As someone who worked for German, as well as North American companies, your experience is not the norm in NA. Wish it was.

[–] [email protected] 6 points 5 months ago

In well-run orgs, yes. Most places are not well-run.

[–] [email protected] 0 points 5 months ago (1 children)

I was let go somewhat recently and I noticed just yesterday that I still have admin access to their facebook app.

[–] [email protected] 3 points 5 months ago

Time to get busy and say it's a pen test of their systems.

[–] [email protected] 8 points 5 months ago

I mean kind of depends. I got a soft layoff so worked 6 months more and got 3 months pay for the transfer to India.

I think best practices for highly secure environments is at the time of notice you lock the account and give that person 2 weeks off.

Most normal company’s it’s cool work till your last day, do your exit interview and we lock your account on Friday afternoon or Monday

Also you never want to change someone’s password on termination.
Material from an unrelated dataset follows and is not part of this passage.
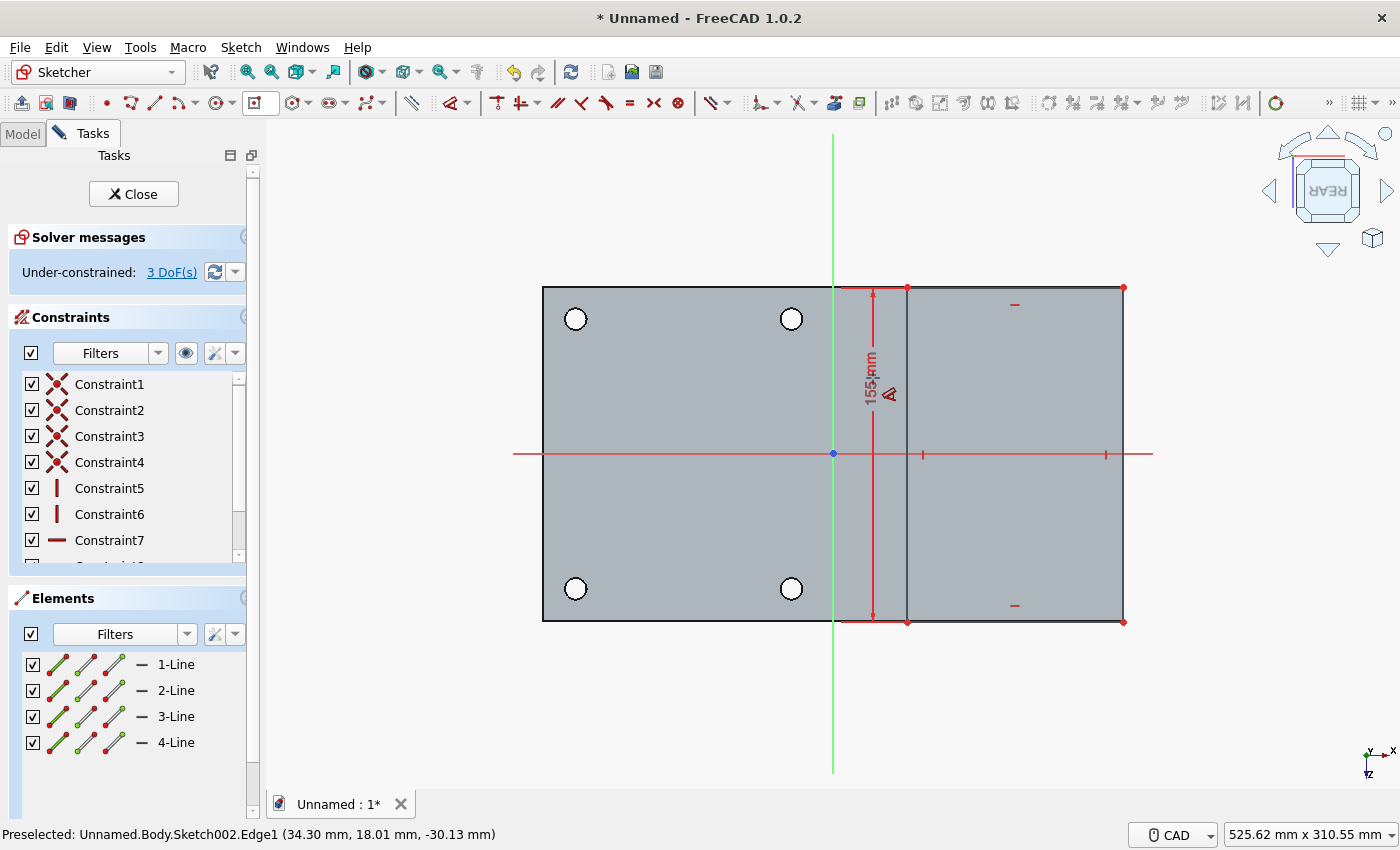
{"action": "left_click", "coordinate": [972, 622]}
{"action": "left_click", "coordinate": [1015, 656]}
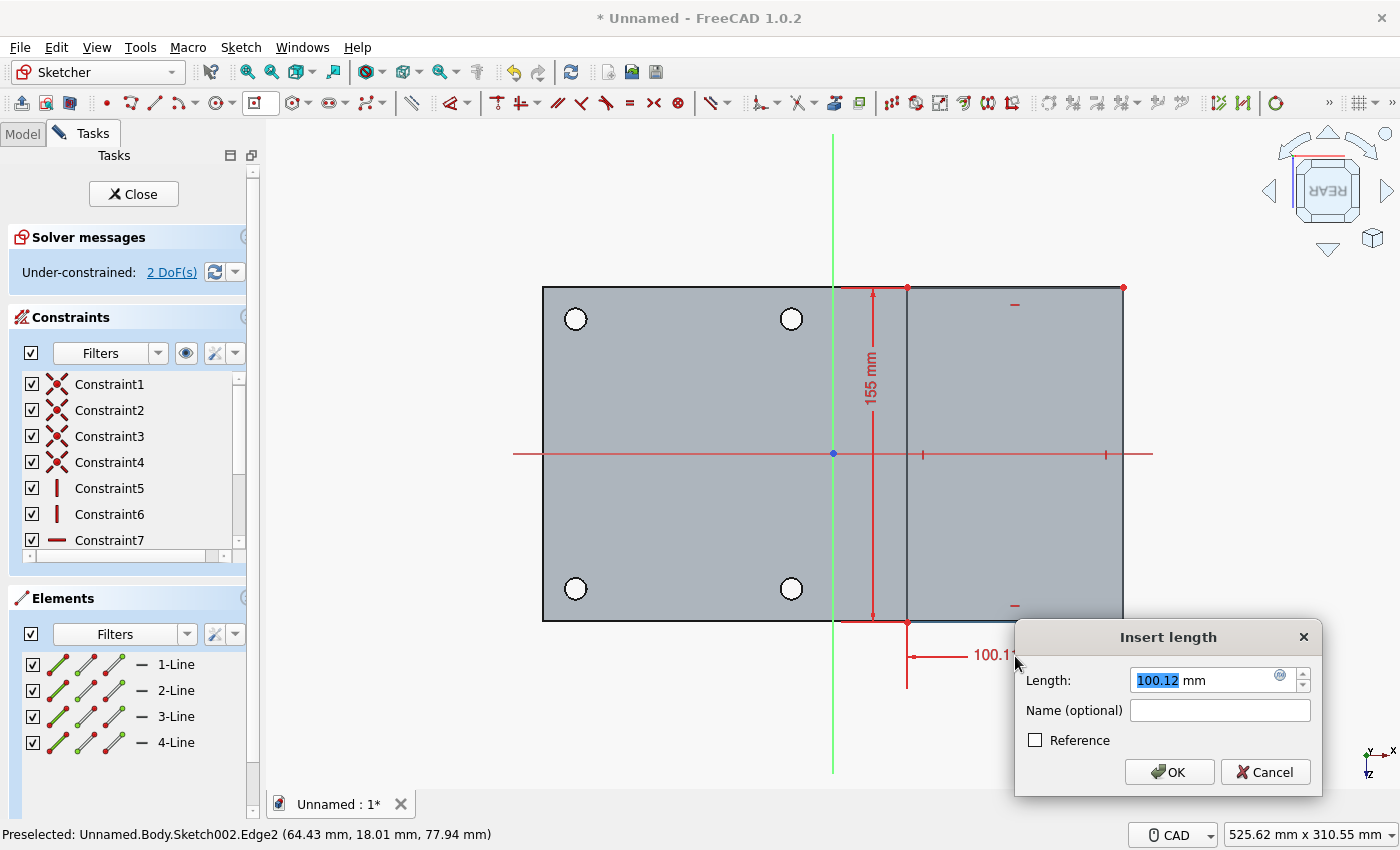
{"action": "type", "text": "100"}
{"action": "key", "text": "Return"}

What if their login is running some business critical tasks? Not best practices but I can tell you it happens a lot especially for reporting. If you lock the account you can always just reenable it and work to fix the issue

[–] [email protected] 4 points 5 months ago (1 children)

Last year, I tried my admin creds at my old job and it still worked. I was afraid of retaliation so I sent them a message from a throwaway email about changing their passwords.

[–] [email protected] 3 points 5 months ago

Legally, it would have been better to send the mail from your personal account.
Otherwise there's a possibility that something happens to get fucked up right around the time you logged in, they pull the logs and find your access.
Bam, motive and opportunity, and no way to provide an alibi.